TD Bank v. Graubard, Case No. 5D14-1505 (5th DCA 8/14/15) A deficiency is a continuation of the foreclosure proceeding and no additional proof of debt is necessary. Bank only has to prove and introduce evidence that property’s FMV on date of sale was less than total amount of FJ. Court does not have to take judicial notice of orders it entered in the case. 

Boumarate v. HSBC, Case No. 5D14-1379 (5th DCA 8/14/15) Bank has to prove more than mere possession for lost note; but that it was entitled to enforce note at the time of loss. 

Tanner v. Bayview, Case No. 5D14-3746 (5th DCA 8/14/15)   Third persons whose rights or interests are adversely affected have standing to contest a foreclosure action and Plaintiff to present its case at trial.   Consent FJ thus improper and not binding on junior lienors. 

Assil v. Aurora Loan, Case No. 4D14-2257 (4th DCA 8/12/15)   Bank failed to prove standing as nonholder in possession by relying on a letter notifying of transfer of servicing rights; not a servicing agreement that proved Aurora had the right to enforce when it filed the action and had claimed Note was lost in first complaint, with 3 amendments of varying allegations.

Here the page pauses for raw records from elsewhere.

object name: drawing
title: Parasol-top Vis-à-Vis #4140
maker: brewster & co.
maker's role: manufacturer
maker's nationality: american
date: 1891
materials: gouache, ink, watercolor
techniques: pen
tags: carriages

Onewest v. Cummings, Case No. 2D14-2397 (2d DCA 8/12/15) Dismissal reversed, Bank had standing.   A plaintiff who is not original lender may establish standing by submitting note with blank or special endorsement, assignment or affidavit proving status as holder at time the complaint was filed. 

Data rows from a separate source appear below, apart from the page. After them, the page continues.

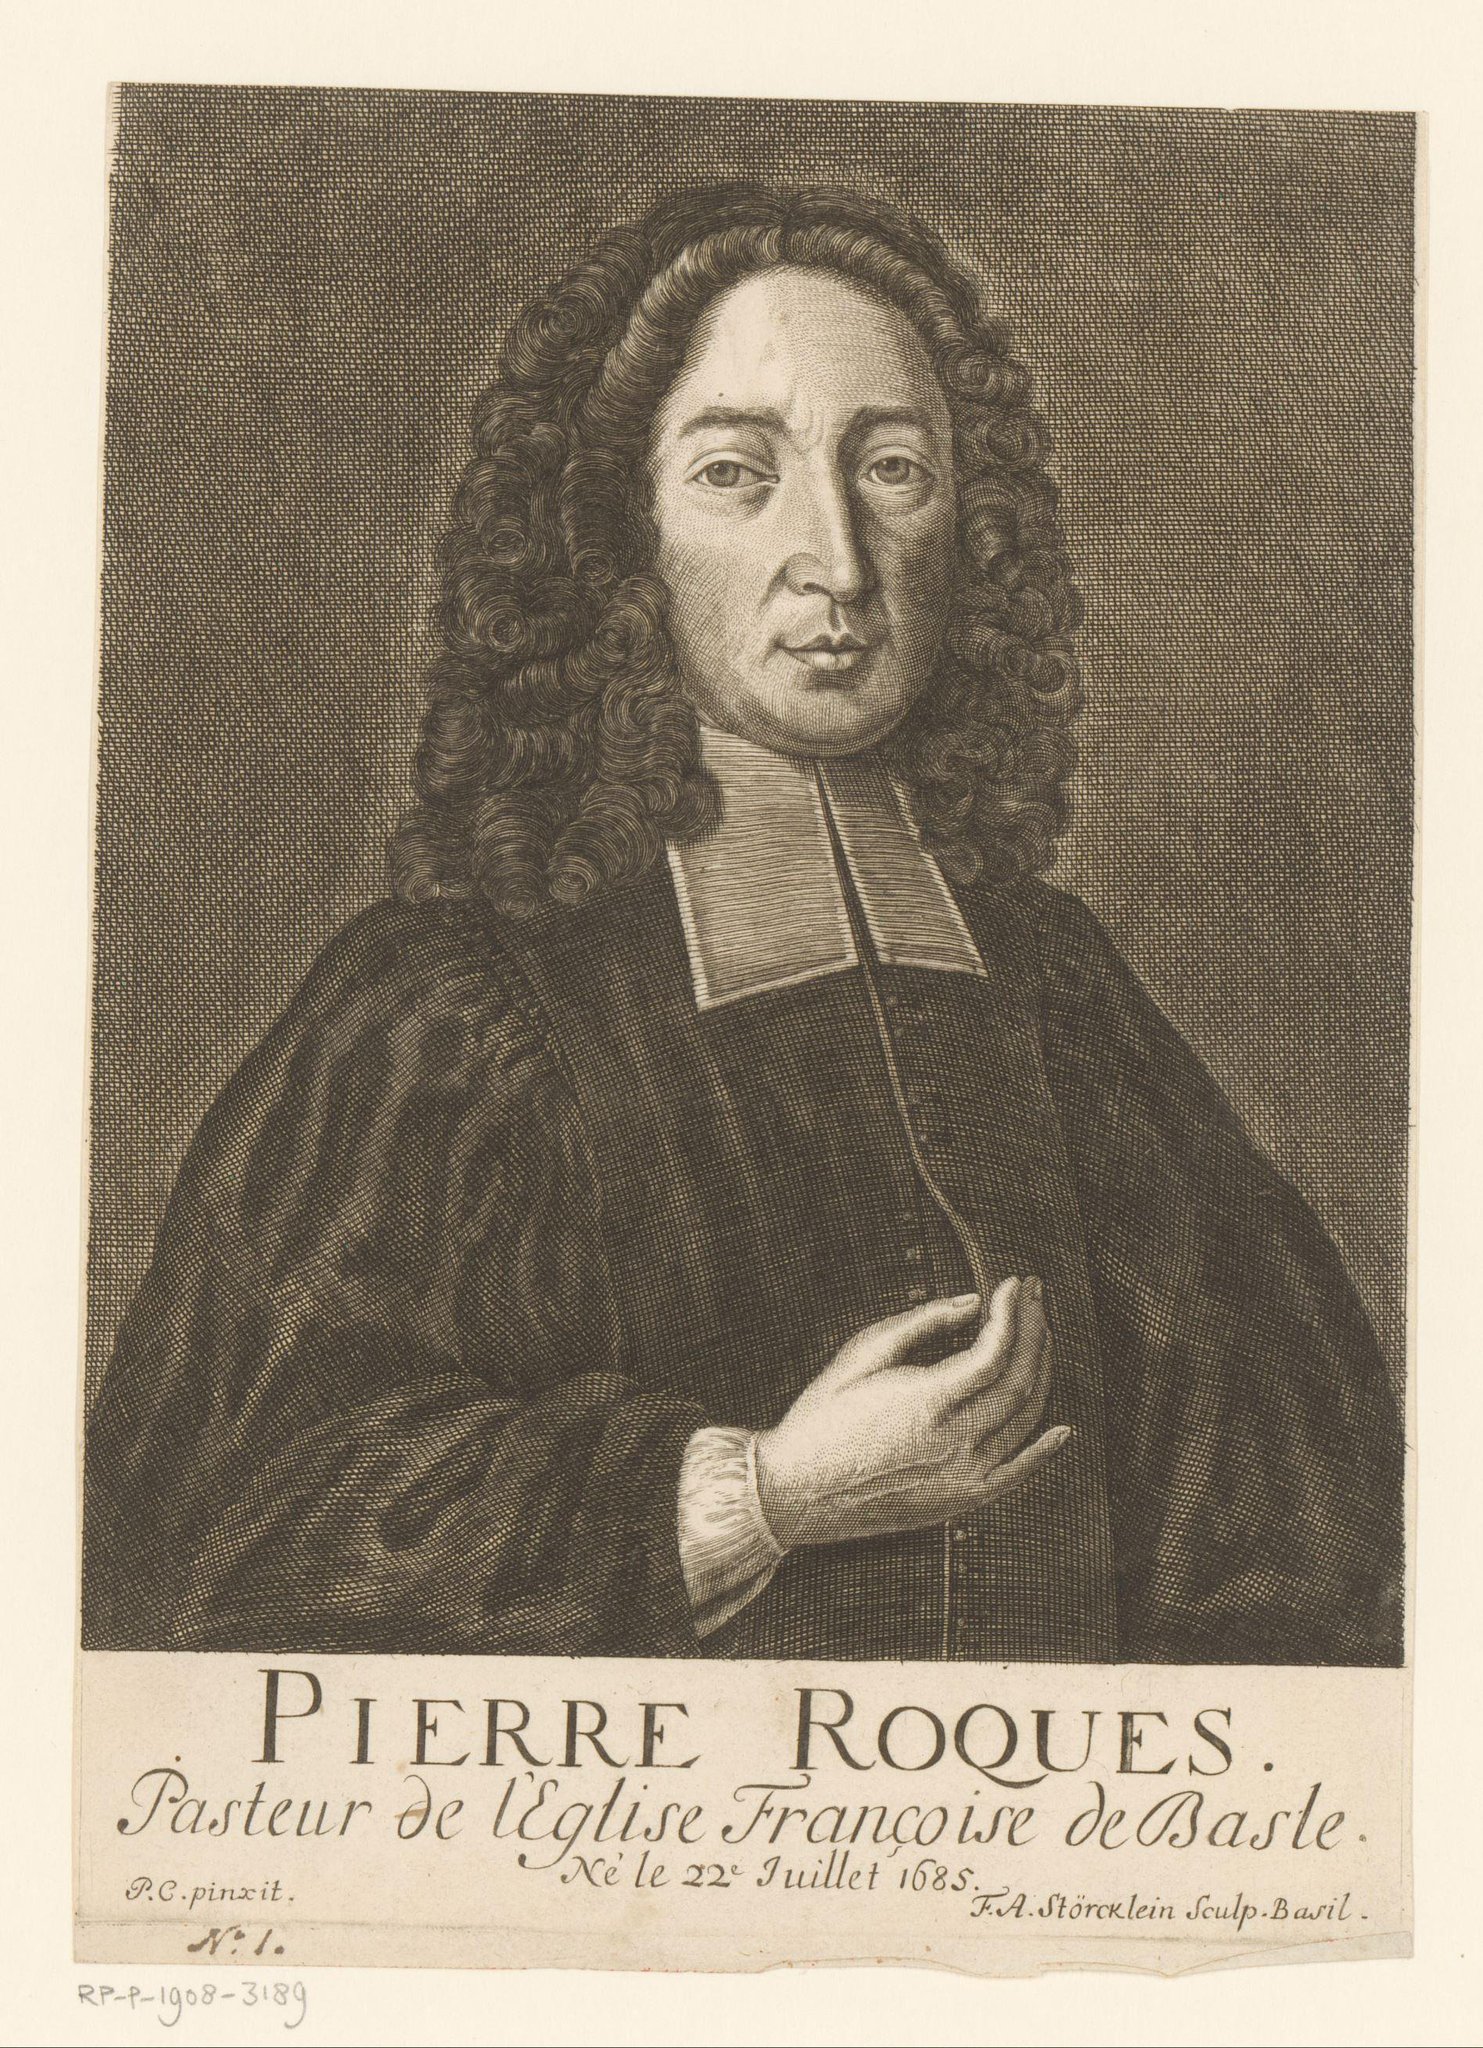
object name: print
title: Portret van Pierre Roques
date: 1715-1730
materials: paper
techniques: engraving
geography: basel
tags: historical persons
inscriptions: collector's mark: Lugt 2228, number: ‘No. 1.’

Balch v. Lasalle Bank, Case No. 4D14-2057 (4th DCA 8/4/15 on rehearing) Standing not proven through an assignment executed after complaint was filed and by MERS who was not even a party to the PSA and there was no evidence indicating when the indorsement was placed on the note. 

Citi v. Turner, Case No. 1D14-1137 (1st DCA 8/4/15) The plain language of the mortgage unambiguously gave the bank a security interest in the entire property, the Court erred in concluding bank not entitled to foreclosure ½ interest.   Contracts must be interpreted and enforced in accordance with their meaning and in rational manner.

Snowden v. Wells Fargo, Case No. 1D14-2529 (1st DCA 8/4/15) Without a transcript, appellate courts presume the trial court’s judgment was based on evidence adduced at the hearing.

 

 

Carol A. Lawson, Esq., 28870 U.S. Hwy 19 #300, Hodusa Towers, Clearwater, FL 33761

Phone: (727) 410-2705;   email: calh@gate.net

 Clearwater Bankruptcy Attorney, Clearwater Bankruptcy Lawyer, Clearwater Bankruptcy, Clearwater Estate Planning Attorney,  Pinellas Estate Planning Attorney, Pinellas Probate Attorney #FileLocallyDontOverpay #ClearwaterBankruptcy #ClearwaterBankruptcyAttorney #ClearwaterEstatePlanning #ClearwaterProbate

 

SUE OR BE SUED CLAUSE

The Ninth Circuit Court of Appeals  held that Federal National Mortgage Association’s (“Fannie Mae”) federal corporate charter confers federal question jurisdiction over claims brought by or against Fannie Mae.

The Ninth Circuit  held that under the rule announced in American National Red Cross v. S.G., 505 U.S. 247 (1992), Fannie Mae’s federal charter confers federal question jurisdiction over claims brought by or against Fannie Mae. The sue-and-be-sued clause in Fannie Mae’s charter authorizes Fannie Mae “to sue and be sued, and to complain and to defend, in any court of competent jurisdiction, State or Federal.” 12 U.S.C. §1723a(a).